Thread: byte-size of column values

byte-size of column values

From
Dominique Devienne
Date:
Hi. I'm surprised by the result for bit(3) and char, when calling
pg_column_size().

Why 6, instead of 1? The doc does mention 5-8 bytes overhead, but I
expected those for varying bit, not fixed-sized bit typed values. How
come?

Similarly, why 2 for char? Is it linked to Unicode?
1 byte for the varying UTF-8 encoded length, then the (potentially)
multi-byte encoding?
(the very bit pattern of UTF-8 allows to infer the encoded length, so
storing the length explicitly is theoretically not even necessary)

Similarly, enums are always 4 bytes I read, despite rarely exceeding
cardinalities beyond a single byte can store.
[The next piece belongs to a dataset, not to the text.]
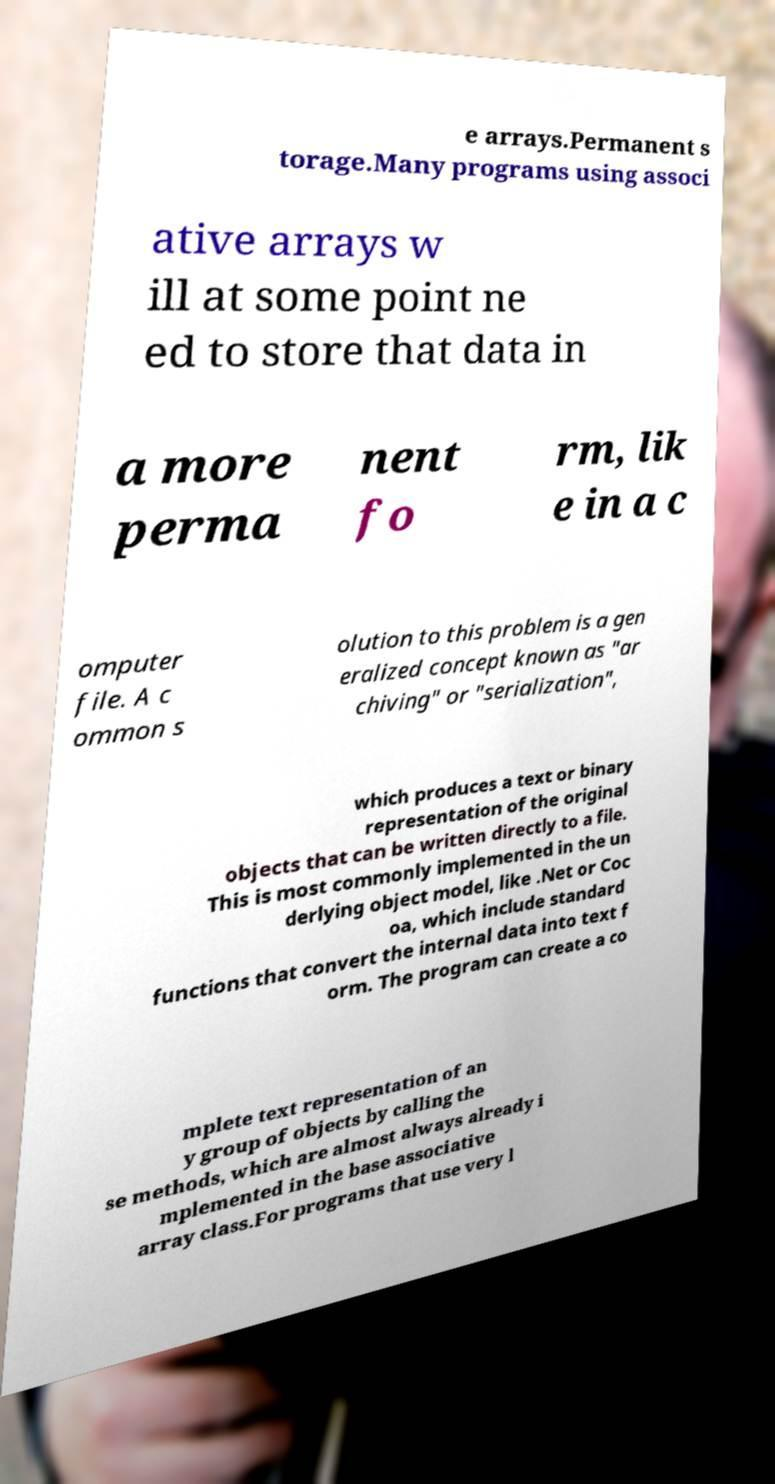Could you extract and type out the text from this image? e arrays.Permanent s torage.Many programs using associ ative arrays w ill at some point ne ed to store that data in a more perma nent fo rm, lik e in a c omputer file. A c ommon s olution to this problem is a gen eralized concept known as "ar chiving" or "serialization", which produces a text or binary representation of the original objects that can be written directly to a file. This is most commonly implemented in the un derlying object model, like .Net or Coc oa, which include standard functions that convert the internal data into text f orm. The program can create a co mplete text representation of an y group of objects by calling the se methods, which are almost always already i mplemented in the base associative array class.For programs that use very l

How does one store as compactedly as possible several small enums, on
millions of rows?

And is the minimum column size always 2?

I'm sure many we call out "premature optimization", but isn't using 32
bits instead of 2, 3 (or 8, to round to a byte) wasteful, in disk
space, thus then ultimately energy? (OK, that last one is pushing it
:) ).

I'm sure there are reasons for the above. And I guess I'm curious
about them. Thanks, --DD

ddevienne=> create table foo (b3 bit(3), i2 int2, i4 int4, i8 int8, c char);
CREATE TABLE
ddevienne=> insert into foo values (b'101', 1002, 1004, 1008, 'C');
INSERT 0 1
ddevienne=> select pg_column_size(b3), pg_column_size(i2),
pg_column_size(i4), pg_column_size(i8), pg_column_size(c) from foo;
 pg_column_size | pg_column_size | pg_column_size | pg_column_size |
pg_column_size
----------------+----------------+----------------+----------------+----------------
              6 |              2 |              4 |              8 |
           2
(1 row)



Re: byte-size of column values

From
"David G. Johnston"
Date:
On Tue, Oct 18, 2022 at 8:53 AM Dominique Devienne <ddevienne@gmail.com> wrote:
Hi. I'm surprised by the result for bit(3) and char, when calling
pg_column_size().

Why 6, instead of 1? The doc does mention 5-8 bytes overhead, but I
expected those for varying bit, not fixed-sized bit typed values. How
come?


The base type is what matters, if the length of the actual type is a parameter (the (n) part) the underlying type must be variable, and thus has a component that says how long the actually stored value is.
 
How does one store as compactedly as possible several small enums, on
millions of rows?

int2
David J.

p.s., pretend char doesn't even exist.

Re: byte-size of column values

From
Tom Lane
Date:
Dominique Devienne <ddevienne@gmail.com> writes:
> Hi. I'm surprised by the result for bit(3) and char, when calling
> pg_column_size().

> Why 6, instead of 1? The doc does mention 5-8 bytes overhead, but I
> expected those for varying bit, not fixed-sized bit typed values. How
> come?

Your expectation is incorrect.  Postgres always treats these types
as variable-length, whether or not the column has a length constraint.
Thus, there's always a header to store the actual length.  That can
be either 1 or 4 bytes (I think the doc you are looking at might be
a little out of date on that point).

Because of the popularity of variable-width character encodings,
a column declared as N characters wide isn't necessarily a fixed
number of bytes wide, making it a lot less useful than you might
think to have optimizations for fixed-width storage.  Between that
and the fact that most Postgres developers regard CHAR(N) as an
obsolete hangover from the days of punched cards, no such
optimizations have been attempted.

            regards, tom lane



Re: byte-size of column values

From
Dominique Devienne
Date:
On Tue, Oct 18, 2022 at 6:04 PM David G. Johnston
<david.g.johnston@gmail.com> wrote:
> On Tue, Oct 18, 2022 at 8:53 AM Dominique Devienne <ddevienne@gmail.com> wrote:
>> I'm surprised by the result for bit(3) and char, when calling pg_column_size().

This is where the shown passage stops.